• Assigned task: Go through the records and transcribe them exactly, passing over any picture.

[Saved data entries]
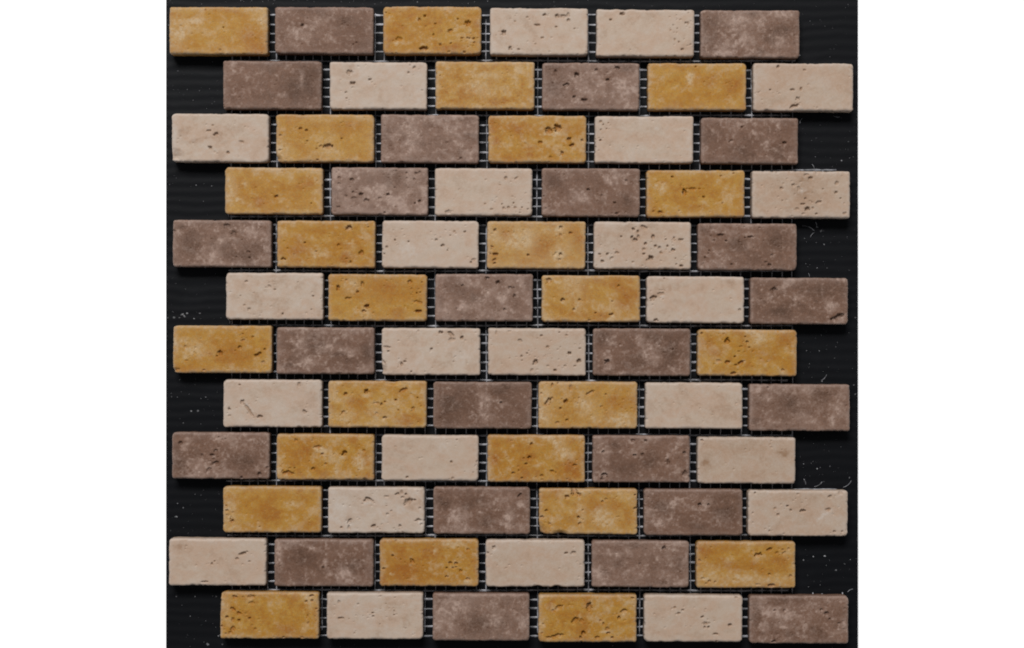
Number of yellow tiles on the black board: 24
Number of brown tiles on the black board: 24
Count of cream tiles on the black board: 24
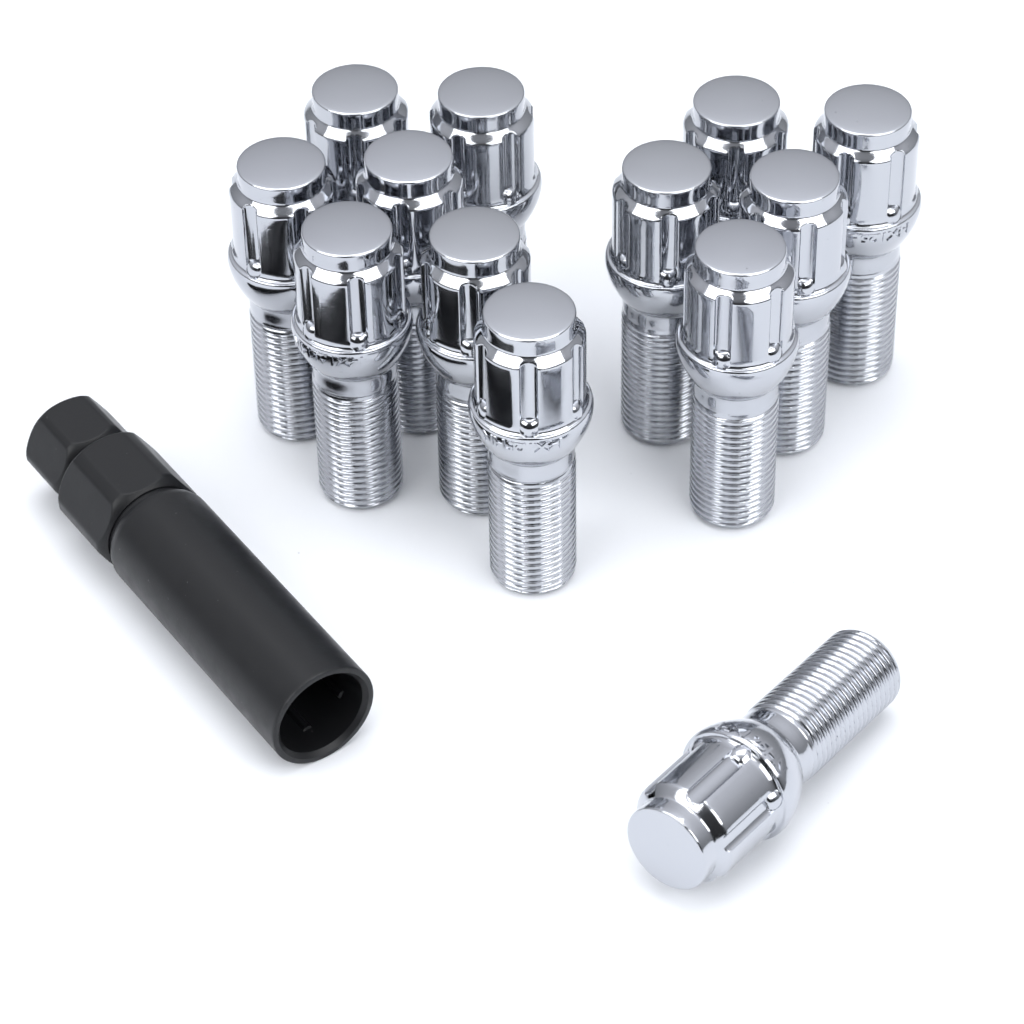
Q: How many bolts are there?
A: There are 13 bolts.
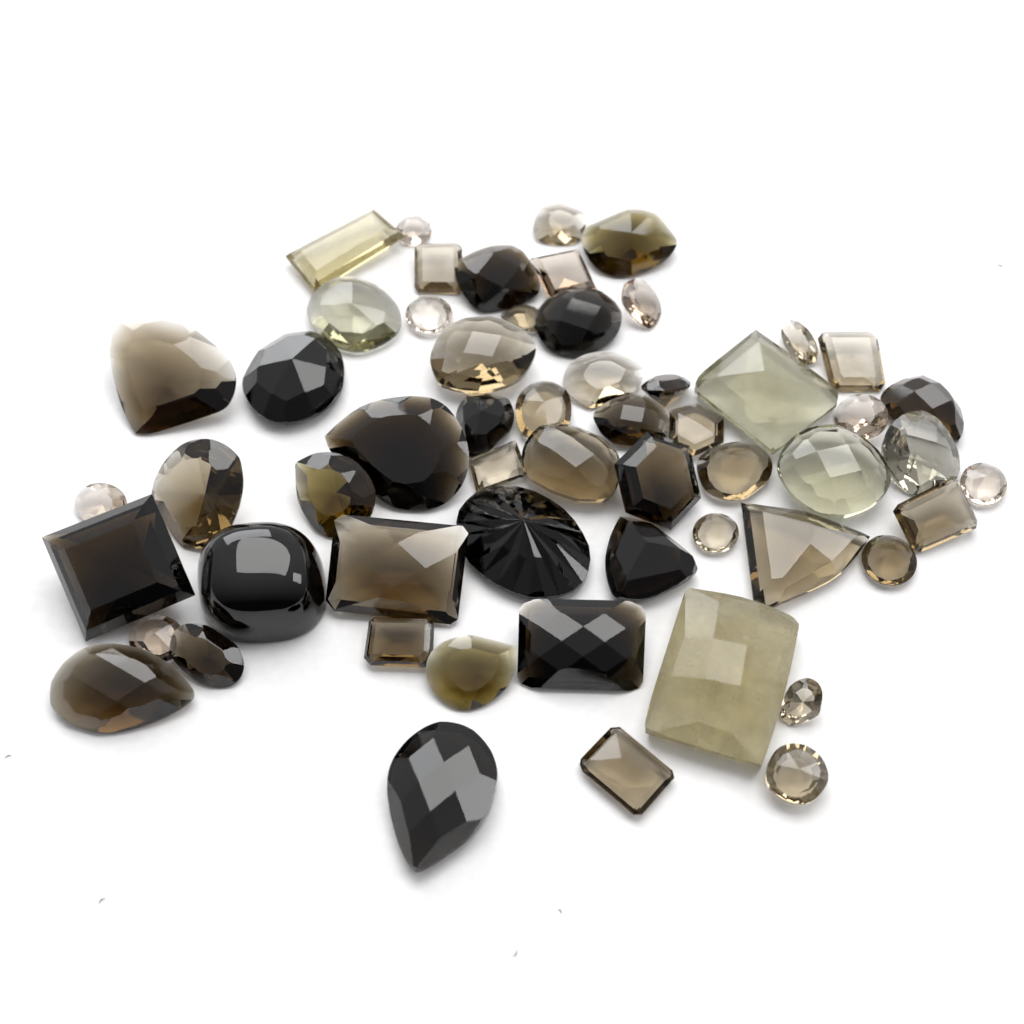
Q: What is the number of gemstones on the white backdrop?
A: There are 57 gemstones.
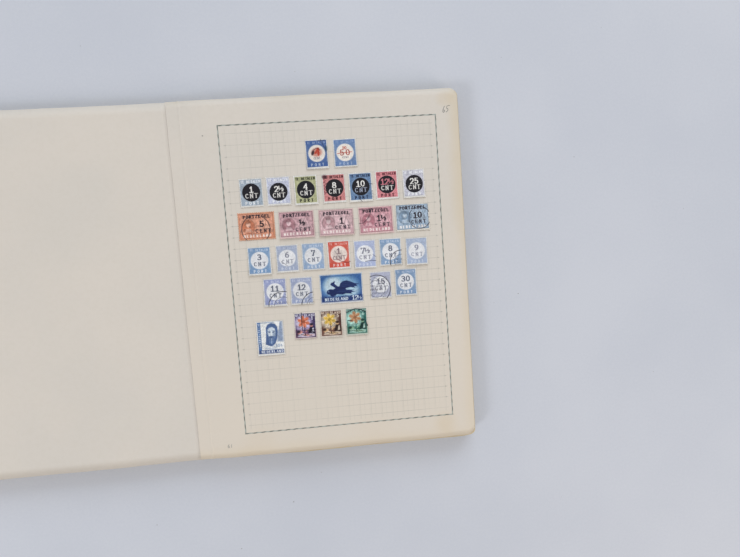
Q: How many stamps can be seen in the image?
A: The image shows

• Exercise solution:
Number of yellow tiles on the black board: 24
Number of brown tiles on the black board: 24
Count of cream tiles on the black board: 24
Q: How many bolts are there?
A: There are 13 bolts.
Q: What is the number of gemstones on the white backdrop?
A: There are 57 gemstones.
Q: How many stamps can be seen in the image?
A: The image shows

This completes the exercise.